Whether we can reduce the profiling time of a benchmark depends on its memory access pattern. In theory, the more memory accesses that occur without using pointers and aliases, the more effective our method will be. If the variables in a program are mostly pointers or passed by reference to functions, we fail to reduce the profiling overhead significantly. Notably, our method lowered the profiling time in all test cases.

Fig. 5.
figure 5

Profiling-time reduction relative to the standard DiscoPoP profiler.

Table 1. Relative slowdown caused by standard DiscoPoP vs. DiscoPoP+ vs. our hybrid approach.

For Polybench, our hybrid technique reduced the profiling overhead to a lesser degree than DiscoPoP+ because these benchmarks contain polyhedral loops. DiscoPoP+ eliminates these loops from profiling, whereas our approach skips only a subset of the memory instructions within those loops. This is why the median improvement of the profiling time is 70% with DiscoPoP+, but only 61% with our hybrid method.

BOTS does not contain any polyhedral loops, which is why DiscoPoP+ did not improve the profiling time at all. In contrast, the median improvement of the profiling time by our method across all BOTS benchmarks was 64%. In Fib, we reduced the profiling time even by 84%.

In NPB, we found polyhedral loops in all benchmarks. Nevertheless, because these loops did not consume a major fraction of the execution time, excluding them did not make the profiling significantly better. DiscoPoP+ obtained only a median reduction of 35% for these benchmarks. Our approach, on the other hand, identified many variables in time-consuming loops. It skipped profiling the memory-access instructions related to those variables and improved the profiling time by a median percentage of 57% across all benchmarks in the suite.

Fig. 6.
figure 6

The workflow of our future hybrid data-dependence analysis. Dark boxes show the contributions of our future work.

Overall, compared to the vanilla version of DiscoPoP, we reduced the profiling time of all programs by at least 38%, with a median reduction of 61% across all the three benchmark suites.

5 Conclusion

Our hybrid approach to data-dependence analysis allows the profiler to skip the memory instructions of scalar variables whose dependences can be extracted statically. However, we still instrument memory operations of aliased variables to capture their data dependences at runtime, avoiding the loss of any data dependence that a purely dynamic method would extract. We implemented our approach as an extension of an advanced data-dependence profiler and decreased the profiling time by at least 38%, with a median reduction of 61% across 49 programs from three benchmark suites, making it far more practical than before. Having a faster profiler, DiscoPoP tool is able to identify parallelism opportunities in larger and longer-running programs. However, our method is generic enough to be implemented in any data-dependence profiler.

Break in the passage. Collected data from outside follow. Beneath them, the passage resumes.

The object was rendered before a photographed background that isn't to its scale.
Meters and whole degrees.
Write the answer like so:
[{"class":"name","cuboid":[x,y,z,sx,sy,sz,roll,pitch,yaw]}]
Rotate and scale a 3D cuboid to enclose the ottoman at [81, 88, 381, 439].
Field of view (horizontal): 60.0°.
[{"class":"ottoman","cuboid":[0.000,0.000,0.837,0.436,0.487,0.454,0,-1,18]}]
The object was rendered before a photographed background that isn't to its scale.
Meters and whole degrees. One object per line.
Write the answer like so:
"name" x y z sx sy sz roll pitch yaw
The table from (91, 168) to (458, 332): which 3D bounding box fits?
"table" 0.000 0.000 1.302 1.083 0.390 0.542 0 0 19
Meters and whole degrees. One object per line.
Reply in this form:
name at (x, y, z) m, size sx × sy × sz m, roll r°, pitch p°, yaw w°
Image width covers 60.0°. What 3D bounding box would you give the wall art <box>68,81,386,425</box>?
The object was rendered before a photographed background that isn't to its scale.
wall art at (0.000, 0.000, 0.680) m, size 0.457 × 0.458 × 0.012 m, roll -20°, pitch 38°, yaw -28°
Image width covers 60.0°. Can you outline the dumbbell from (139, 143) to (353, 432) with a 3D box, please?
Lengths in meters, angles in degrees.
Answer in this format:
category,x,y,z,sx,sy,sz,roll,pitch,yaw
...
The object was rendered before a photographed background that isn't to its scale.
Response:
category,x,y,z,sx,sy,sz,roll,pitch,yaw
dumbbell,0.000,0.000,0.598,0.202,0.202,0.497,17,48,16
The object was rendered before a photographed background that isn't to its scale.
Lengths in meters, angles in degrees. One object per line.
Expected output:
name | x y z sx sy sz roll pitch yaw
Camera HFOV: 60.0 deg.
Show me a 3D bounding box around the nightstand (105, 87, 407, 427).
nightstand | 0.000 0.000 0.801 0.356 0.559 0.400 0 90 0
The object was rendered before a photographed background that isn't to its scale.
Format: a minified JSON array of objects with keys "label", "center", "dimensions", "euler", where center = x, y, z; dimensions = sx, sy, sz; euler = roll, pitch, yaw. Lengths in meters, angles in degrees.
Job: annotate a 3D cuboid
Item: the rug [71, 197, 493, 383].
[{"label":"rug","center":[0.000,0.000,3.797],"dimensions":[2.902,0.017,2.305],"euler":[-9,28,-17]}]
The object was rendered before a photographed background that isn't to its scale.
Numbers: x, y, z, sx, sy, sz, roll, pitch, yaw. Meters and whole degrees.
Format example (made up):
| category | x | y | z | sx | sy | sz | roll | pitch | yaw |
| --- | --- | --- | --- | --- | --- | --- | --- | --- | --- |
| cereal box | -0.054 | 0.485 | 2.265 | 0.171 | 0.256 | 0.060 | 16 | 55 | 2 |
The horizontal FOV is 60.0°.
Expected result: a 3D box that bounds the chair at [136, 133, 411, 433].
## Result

Our objective for the future work is to reduce the profiling overhead further and for a wider range of programs. Figure 6 shows the workflow of our future hybrid data-dependence analysis. First, we will aim to exploit LLVM alias analysis to statically detect data dependences for aliased scalar variables and eliminate their memory accesses from profiling. Then, we will investigate the inclusion of other promising tools such as autoPar, which statically identifies data dependences for array variables. Finally, we will combine them with DiscoPoP+ and our approach from this paper, creating a superior tool for hybrid data-dependence analysis.